22377번 - Irreversible Reactions 다국어

Life is ephemeral. What is done sometimes cannot be irreversible. In terms of this, chemical reaction networks are similar to life.

For brevity, we model a chemical reaction network as follows. There are $N$ states in a chemical reaction network. The reaction starts with the state $S$. $M$ distinct pairs ($u_i$, $v_i$) of states have a relation such that $u_i$ can be transited to $v_i$. For each unit of time, a state is transited to other states if there is at least one state that can be transited from the state. If there are no such states, the state does not change. If there are two or more states to which the current state can be transited, the next state is selected at uniformly random from these states.

In an experiment of the chemical reaction network, we stop the experiment when the current state does not change. In addition, after transitions, it might reach a state from which it's impossible to return back to $S$ by repeating transitions. In such cases we also stop the experiment. Your task as a bioinformatics researcher is to write a program to compute the expected time until we stop the experiment. If the expected time is infinite, output $-1$ instead.

A more precise description of the experiment termination criteria is the following. If there are no states that can be transited from the current state, we stop the experiment immediately. Otherwise, the experiment does not stop, if it is possible to return back to $S$ from the current state by repeating zero or more transitions. In other words, the state $S$ itself is always considered as a state that can return to $S$ in this case.

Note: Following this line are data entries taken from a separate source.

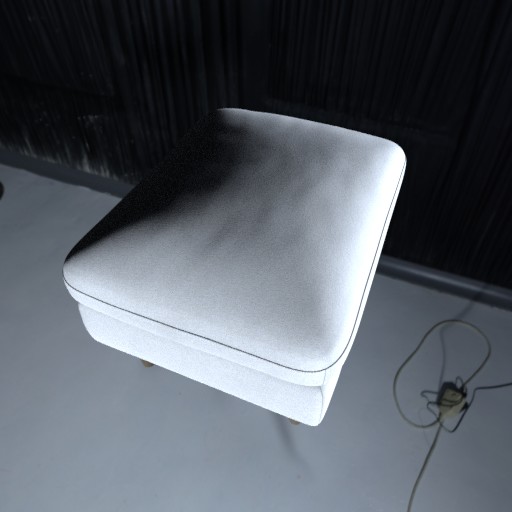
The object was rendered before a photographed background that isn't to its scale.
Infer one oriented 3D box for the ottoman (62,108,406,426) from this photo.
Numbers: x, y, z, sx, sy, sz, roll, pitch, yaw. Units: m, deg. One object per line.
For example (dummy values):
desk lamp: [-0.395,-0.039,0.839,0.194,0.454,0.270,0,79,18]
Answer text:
ottoman: [0.000,0.000,1.143,0.593,0.478,0.747,16,48,15]
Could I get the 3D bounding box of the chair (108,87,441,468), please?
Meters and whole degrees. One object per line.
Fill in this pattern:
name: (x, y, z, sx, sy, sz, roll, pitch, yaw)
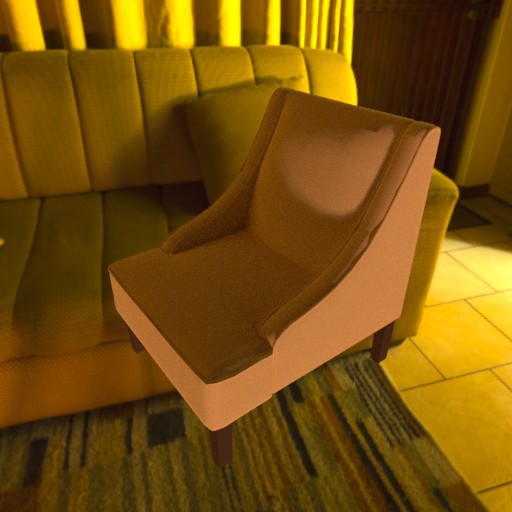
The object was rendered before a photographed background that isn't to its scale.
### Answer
chair: (0.000, 0.000, 1.474, 0.806, 0.886, 0.689, -21, 38, -31)
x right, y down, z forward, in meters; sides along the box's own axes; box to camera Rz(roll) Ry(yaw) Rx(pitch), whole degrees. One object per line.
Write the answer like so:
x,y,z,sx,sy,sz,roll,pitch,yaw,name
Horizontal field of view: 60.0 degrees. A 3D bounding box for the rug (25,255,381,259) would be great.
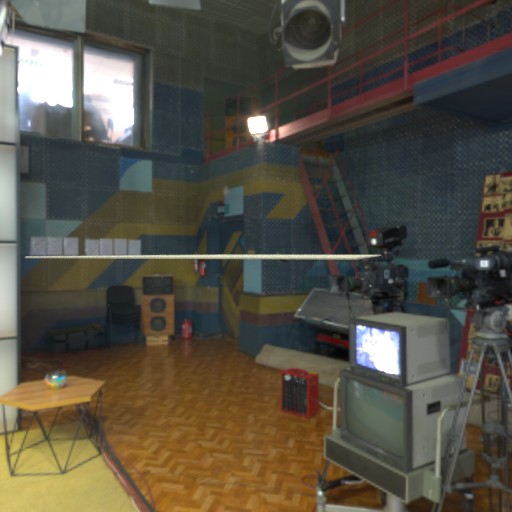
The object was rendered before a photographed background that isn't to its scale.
0.000,0.000,2.216,1.143,0.006,1.747,0,0,18,rug
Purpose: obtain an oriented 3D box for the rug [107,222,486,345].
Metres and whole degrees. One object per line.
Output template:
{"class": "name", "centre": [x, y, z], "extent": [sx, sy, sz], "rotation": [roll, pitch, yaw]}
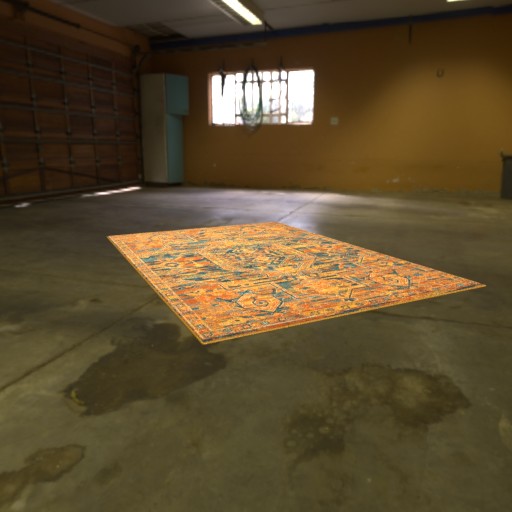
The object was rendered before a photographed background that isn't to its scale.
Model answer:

The input consists of a single test case in the format below.

$N$ $M$ $S$

$u_1$ $v_1$

$\vdots$

$u_M$ $v_M$

The first line contains three integers $N$ ($2 \le N \le 200$), $M$ ($1 \le M \le \min{(N(N-1)1000)}$), $S$ ($1 \le S \le N$). $N$ is the number of states in a chemical reaction network. $M$ is the number of transitions between states. $S$ is the initial state. The $i$-th of the following $M$ lines represents the $i$-th transition, which means a state $u_i$ can be transited to $v_i$ ($1 \le u_i, v_i \le N$, $u_i \ne v_i$). Note that it does not necessarily imply $v_i$ can be transitioned to $u_i$. It is guaranteed that the pairs $u_i$ and $v_i$ are distinct. That is, for $1 \le i < j \le M$, either $u_i \ne u_j$ or $v_i \ne v_j$ holds.

Output the expected time to reach one of the states from which it's impossible to return back to the initial state $S$. The expected time can be huge, thus outputs the expected time modulo $10^9 + 7$. More precisely, if it is finite, the expected time can be represented as an irreducible fraction $b/a$, and you should output the minimum non-negative integer $x$ which satisfies $ax \equiv b \bmod {10^9 + 7}$. You may assume that such $x$ exists for the given input.

If the expected time is infinity, output $-1$ instead.